Ce qui frappe c’est l’euphémisation du sort fait aux Palestiniens, le refus d’appeler un chat un chat, le refus de qualifier de crimes de guerre, le cas échéant de crimes contre l’humanité, à propos de certaines des exactions commises par l’armée israélienne au nom de « la guerre contre le Hamas » ; le refus aussi de dire que ce que nous voyons tous, à savoir, l’engagement d’un processus de destruction de masse dans la bande de Gaza, du fait de l’effondrement des conditions sanitaires et du blocage du tout ravitaillement de la population civile, condamnée à mourir d’épuisement, de maladie et désormais de famine, quand ce n’est pas sous les bombes ; le refus de dire l’évidence, à savoir que cette politique de destruction systématique des installations civiles vise à rendre inhabitable la bande de Gaza pour longtemps, et à contraindre de ce fait ses habitants au départ, ce qui s’appelle un déplacement forcé de population civile.
2. Le refus de qualifier et de dénoncer clairement ce qui s’est passé le 7 octobre 2023 en Israël.
Ce qui frappe aussi, c’est la faillite d’une certaine gauche radicale, incapable d’exprimer sa révulsion devant la barbarie et une condamnation sans réserve ni équivoque, ne serait-ce que par décence, c’est-à-dire sans rien dire de plus au moment même où l’on découvrait l’ampleur des atrocités et des crimes. Ce qui frappe, c’est ici aussi le refus d’appeler un chat un chat, de qualifier de terroristes des actes terroristes, jusqu’à consacrer le massacre de ces civils israéliens « d’actes de résistance à Israël » (Danièle Obono, Judith Butler, plus tard). Et au-delà de l’indécence, de l’idéologie ou des calculs politiciens pitoyables, cette faillite intellectuelle et politique consitant à identifier les actions du Hamas à des « actes de résistance », sans questionner cette « résistance », sans demander ou dire, à quoi et en vue de quoi, cette résistance-là résiste.
La résistance ?
La plongée adoucissante dans l’esprit islamique constitue une priorité pour la société qui affronte un ennemi à la cruauté nazie dans ses pratiques, un ennemi qui ne fait aucune distinction entre l’homme et la femme, le vieillard et le jeune. […] Le nazisme des Juifs vise également les femmes et les enfants : ils terrorisent l’ensemble de la population […] Par leurs actes monstrueux, ils se comportent avec les gens comme les pires criminels de guerre.
Charte du Hamas, 1988, art. 203
Le 7 octobre 2023 il valait mieux être un militaire qu’un enfant, une jeune fille, une femme ou un vieillard israélien, parce qu’un militaire a une valeur marchande et symbolique supérieure à celle des simples civils qui, de toutes les façons, ne pouvaient être tous enlevés pour en faire une monnaie d’échange.
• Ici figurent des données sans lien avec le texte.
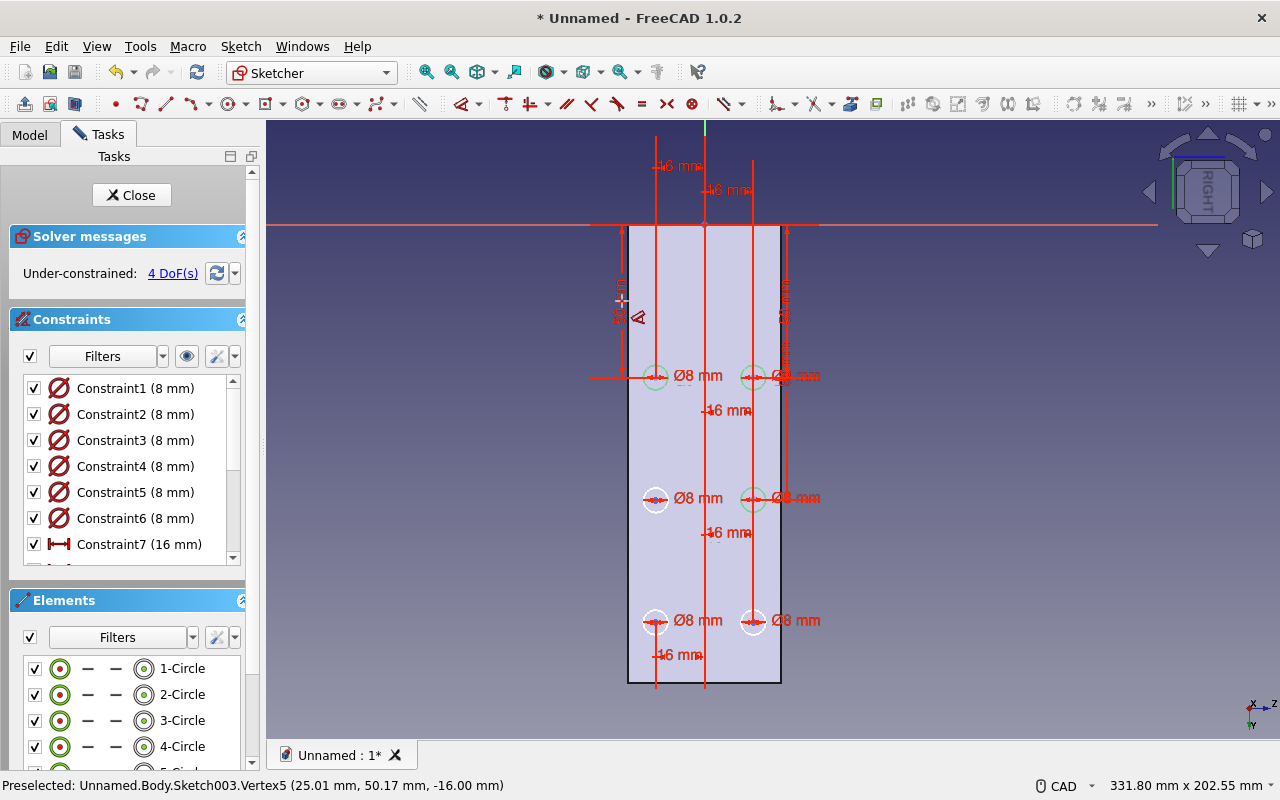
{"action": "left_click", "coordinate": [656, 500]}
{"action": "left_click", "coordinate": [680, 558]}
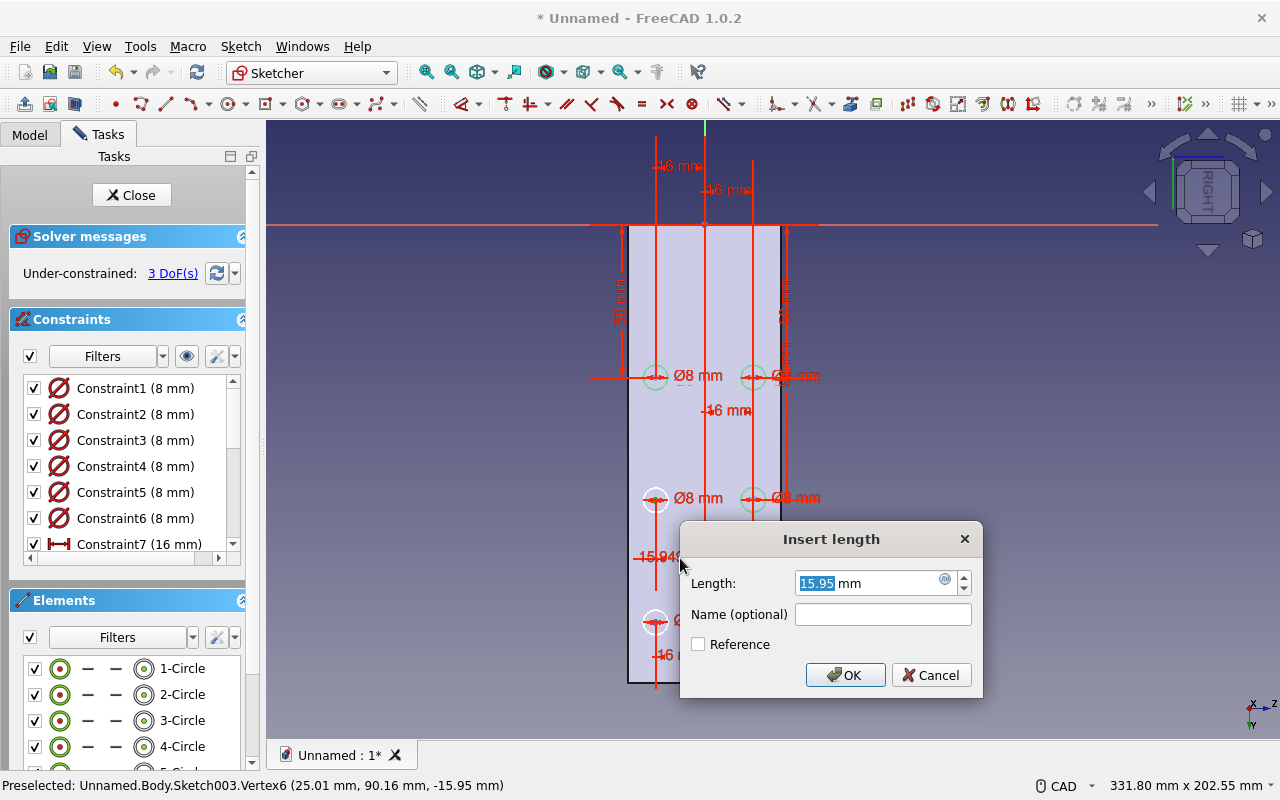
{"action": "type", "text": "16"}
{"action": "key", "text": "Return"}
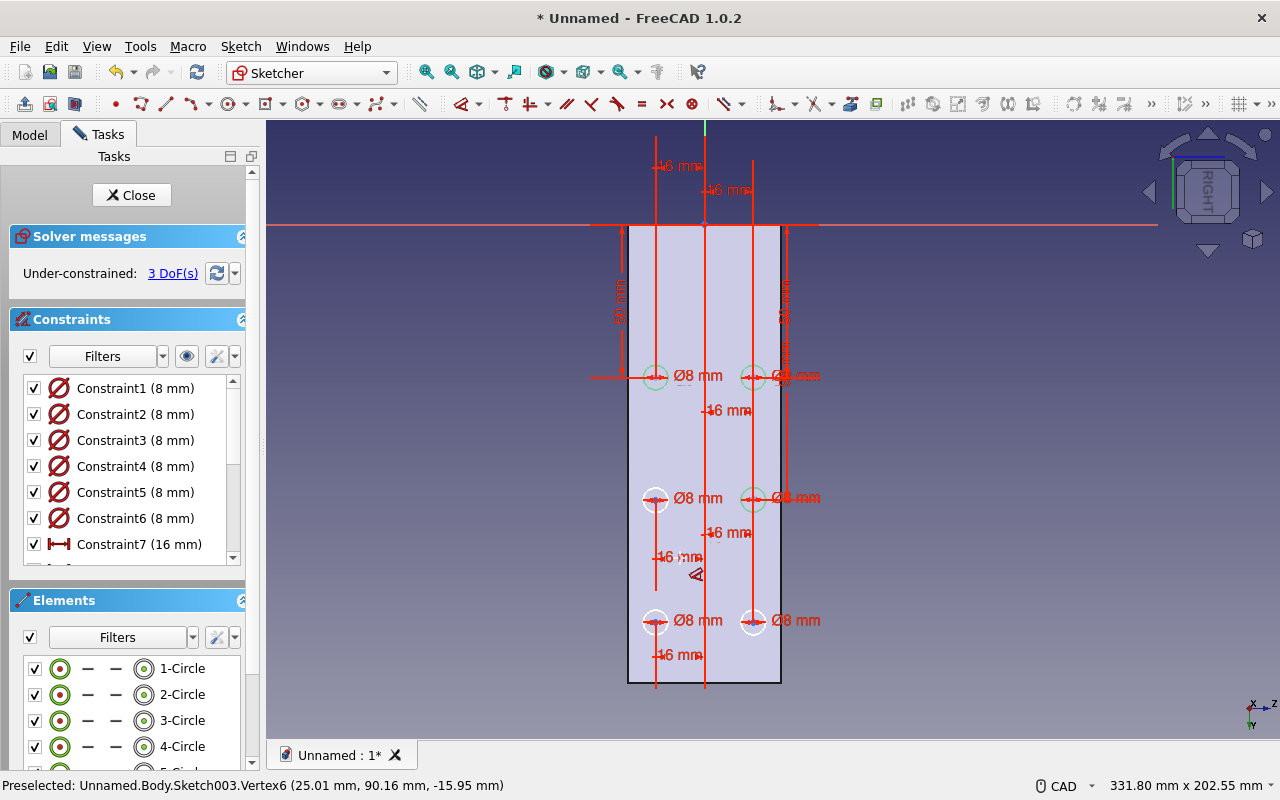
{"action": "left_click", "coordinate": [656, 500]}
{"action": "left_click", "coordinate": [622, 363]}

Dans la logique du Hamas, il était préférable de les massacrer en masse et de façon spectaculaire afin d’avoir un maximum d’efficacité politique.
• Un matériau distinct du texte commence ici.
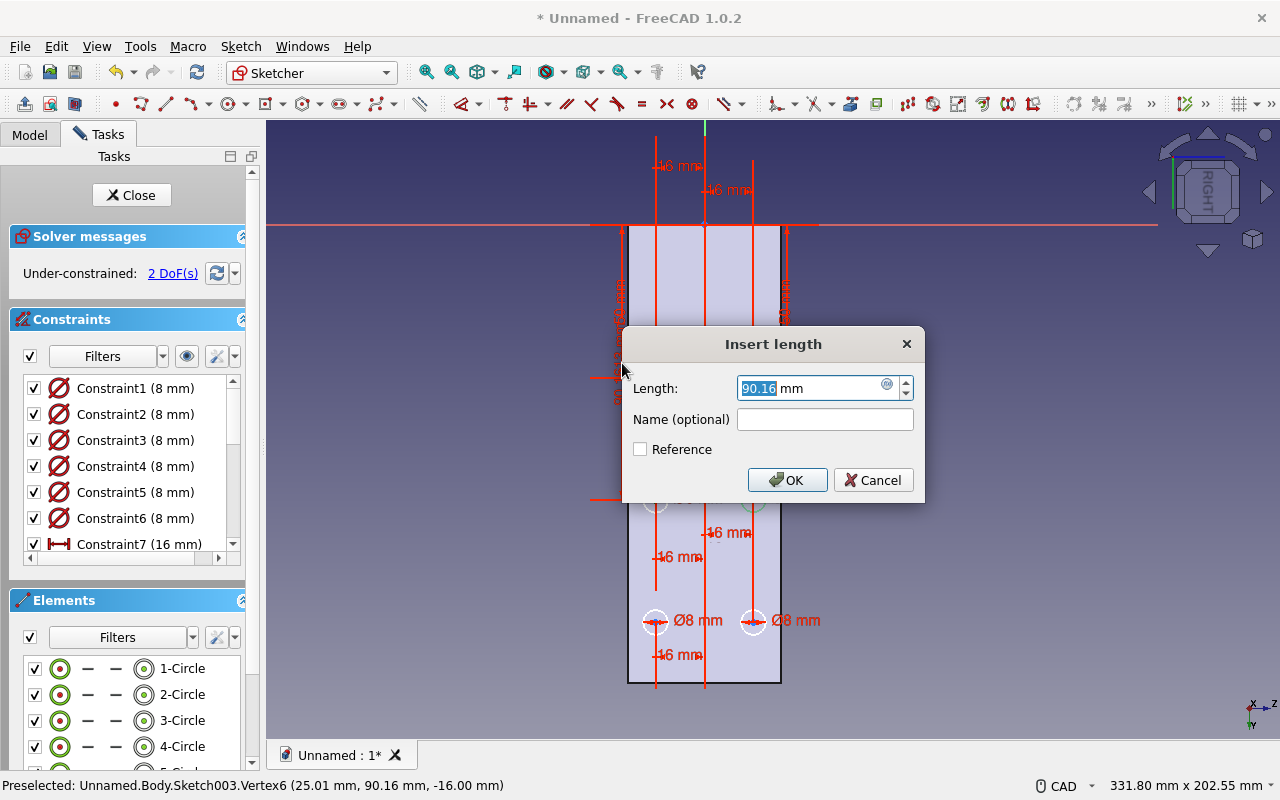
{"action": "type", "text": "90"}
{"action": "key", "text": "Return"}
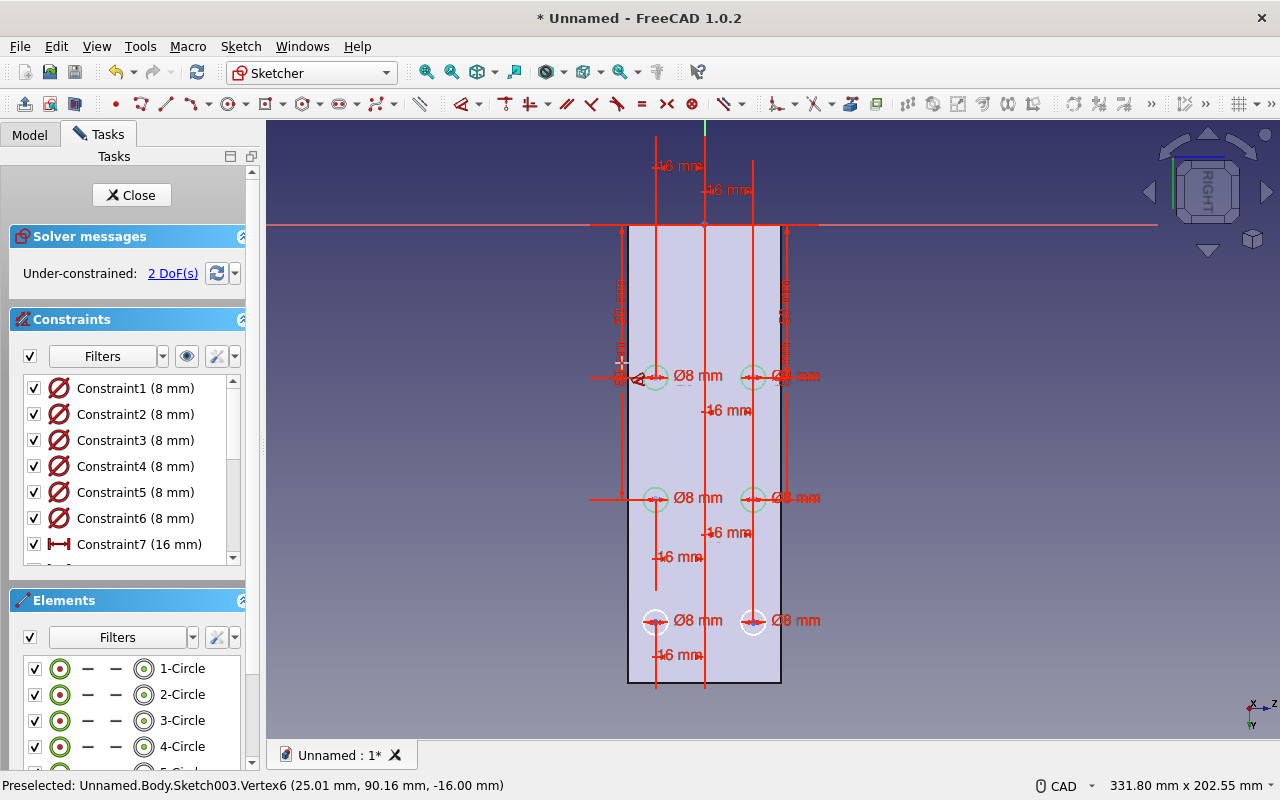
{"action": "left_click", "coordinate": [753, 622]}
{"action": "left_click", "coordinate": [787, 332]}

Dire que l’attaque du Hamas résulte de la politique conduite par la succession des gouvernements israéliens de droite et d’extrême droite depuis plus de 40 ans n’est pas suffisant. Car cette attaque résulte évidemment de cette politique mais sa nature de ce qu’est le Hamas.
Quand on parle des mouvements de résistance, des « maquis », il est clair que ce ne sont pas les résistants mais bien les oppresseurs qui tuent, torturent, violent les femmes, mutilent des cadavres et massacrent des villages entiers. C’est la division Waffen SS Das Reich qui par une action brutale, méthodique et délibérée organise le massacre d’Oradour sur Glane. Ce sont les Serbes qui utilisent les viols et les abus sexuels sur les femmes et les enfants comme arme de guerre contre les Bosniaques. Ce sont des militaires français qui brûlent des villages en Algérie et exécutent des civils soupçonnés de complicité avec les combattants de résistance algérienne, les fellagas.

Judith Butler
La « résistance » change de sens quand crimes, viols, tortures, mutilations et massacres de civils, enfants, femmes et vieillards compris, peuvent être considérés comme des « actes de résistances » (Judith Butler), des armes de la guerre. On appellera donc désormais « résistants » des massacreurs, des égorgeurs, des violeurs, des tortionnaires. Cette torsion du langage permet ainsi de légitimer la cruauté, la brutalité, la férocité des atrocités sur des civils, de tout âge, tout sexe, toute conditions, tous à égalité.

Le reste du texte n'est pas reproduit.